Тамара снова попыталась проскользнуть мимо Лешки, но очень неудачно. Ноги что-то почти не слушались, голова гудела — понятно, устала, — и она вынуждена была, чтобы не упасть, повиснуть на Лешкиной руке. В результате мгновенно лишилась плаща. Даже моргнуть не успела.
Тамара недоверчиво ощупала ярко-алый лиф, запуталась в цепочках и больно поцарапала руку о рубин. Машка уверяла — настоящий. Тамара сунула пострадавший палец в рот и проскулила:
—Фокусами балуешься?
Лешка изумленно присвистнул, обошел вокруг нее, как возле новогодней елки, Тамару аж в краску бросило, и пробормотал:
—Ага. У Кио в подручных состоял. В далеком и тяжелом детстве. Навыки, сама видишь, остались. Ловкость рук, что называется, и никакого мошенства…
Он как-то хищно кружил по комнате, и Лешкины глаза Тамаре совсем не нравились. Нехорошие глаза. Слишком злые.
Тамара непроизвольно поежилась. Почему-то именно сейчас она почувствовала себя практически голой. В казино — нет, а вот дома…
Глупо как!
Тамара зачем-то прикрыла руками напудренный Машкой живот и нечаянно смахнула с пупка клипсу.
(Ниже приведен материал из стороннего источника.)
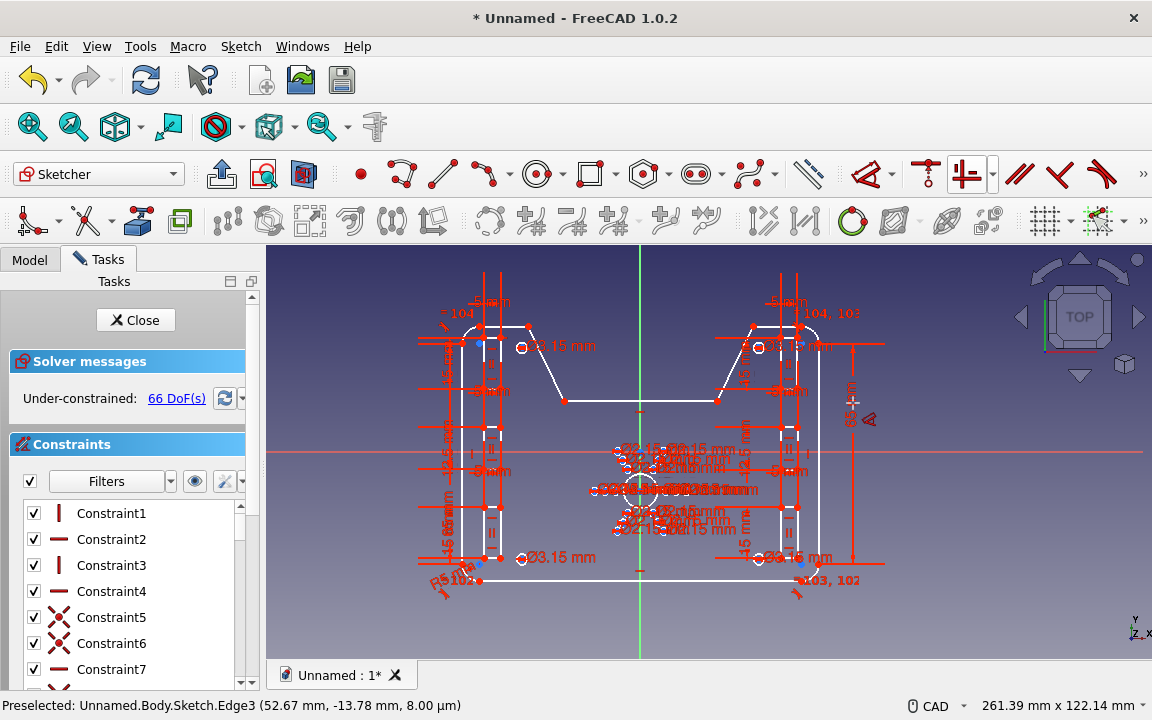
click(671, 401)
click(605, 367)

Та неприятно звякнула. Тамара быстро наступила на нее и ойкнула — неудачно. Камень оказался под подушечкой маленького пальца.
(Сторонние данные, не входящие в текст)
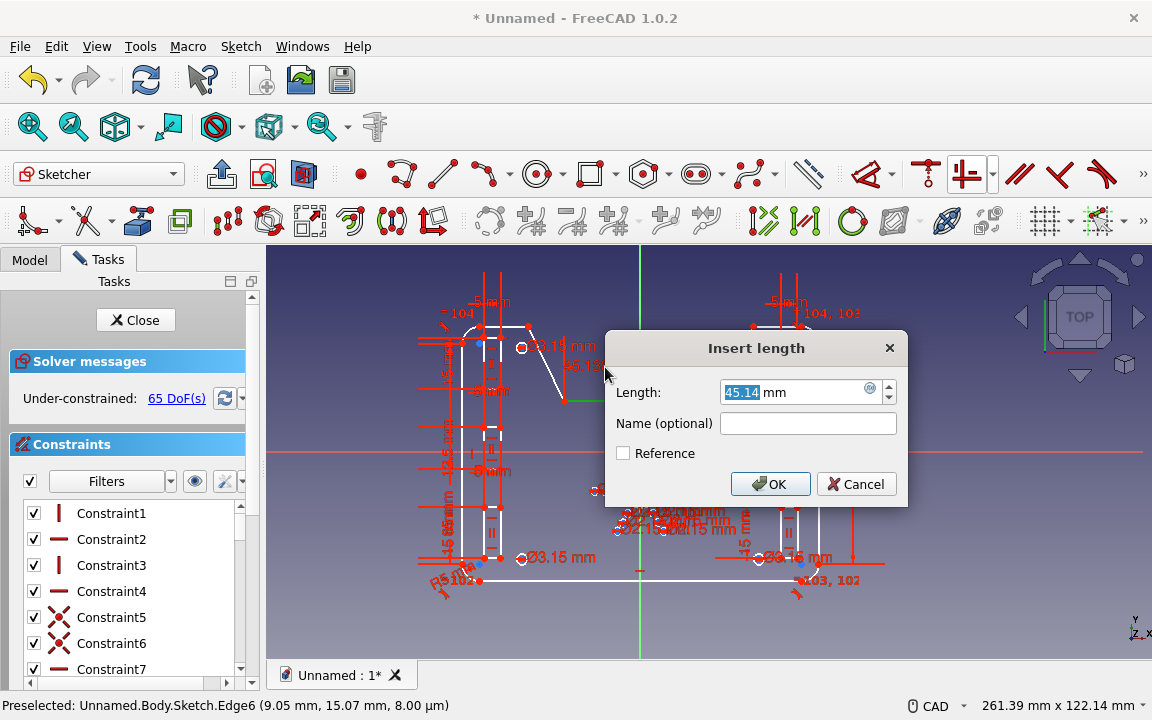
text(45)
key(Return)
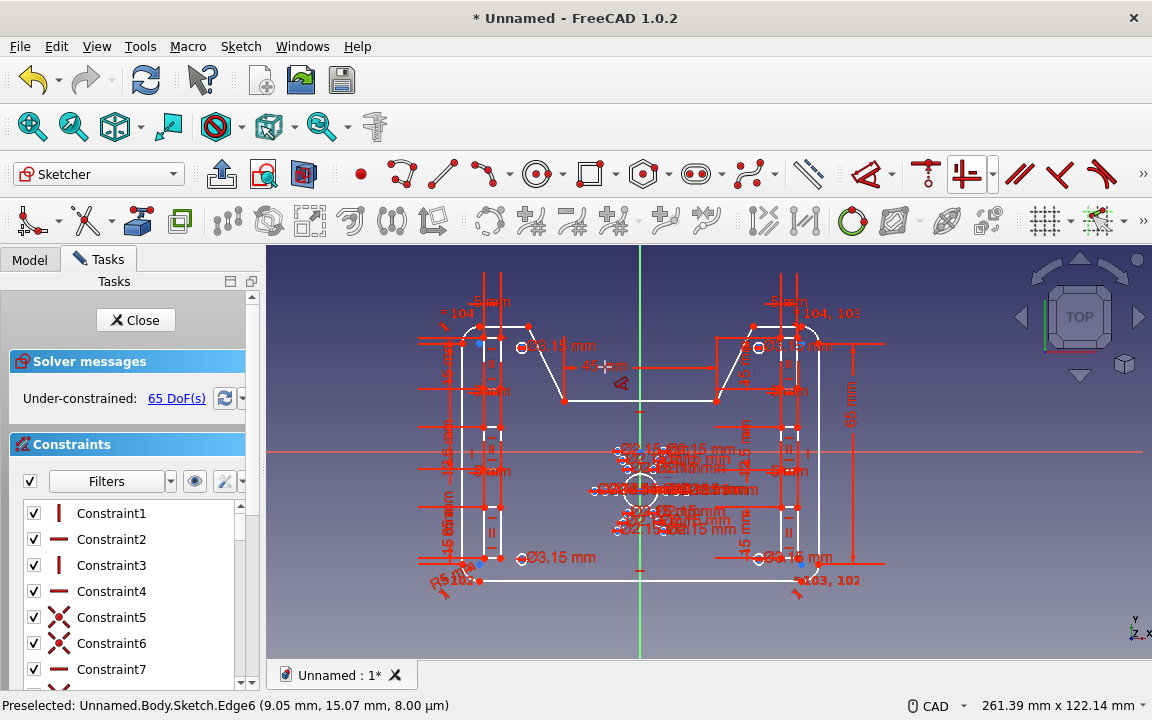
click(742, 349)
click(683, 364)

Она искательно улыбнулась. Лешка широко ухмыльнулся в ответ. Тамара побледнела и покосилась на дверь.
Само собой — никого. Предатель Крыс набивал живот на кухне. Чавкал там и давился, паразит. И это вместо того, чтобы защитить хозяйку. Единственную, можно сказать. Которой его вот-вот лишат. Потом, наверное, пожалеют, но воскреснуть из мертвых Тамаре вряд ли удастся. Она не птичка Феникс. Чтоб из пепла взмыть. А жаль. Жить-то как, оказывается, хочется. Даже сонливость исчезла.
Лешка хрипло выдохнул:
—Шлюхой, значит, вырядилась. Подрабатываешь где?
Он сбросил куртку прямо на пол, Тамара похолодела: Лешка аккуратен до отвращения. И к своим вещам относится весьма бережно. А тут…
Лешка безразлично переступил через коричневую кляксу на паласе. Тамара звонко чихнула. Лешка рванул воротник, на пол посыпались пуговицы.
—Ну что ж, попользуемся!
—Кры-ы-ыс…
—Даже не пытайся. И потом — я заплачу. Сколько ты берешь за ночь?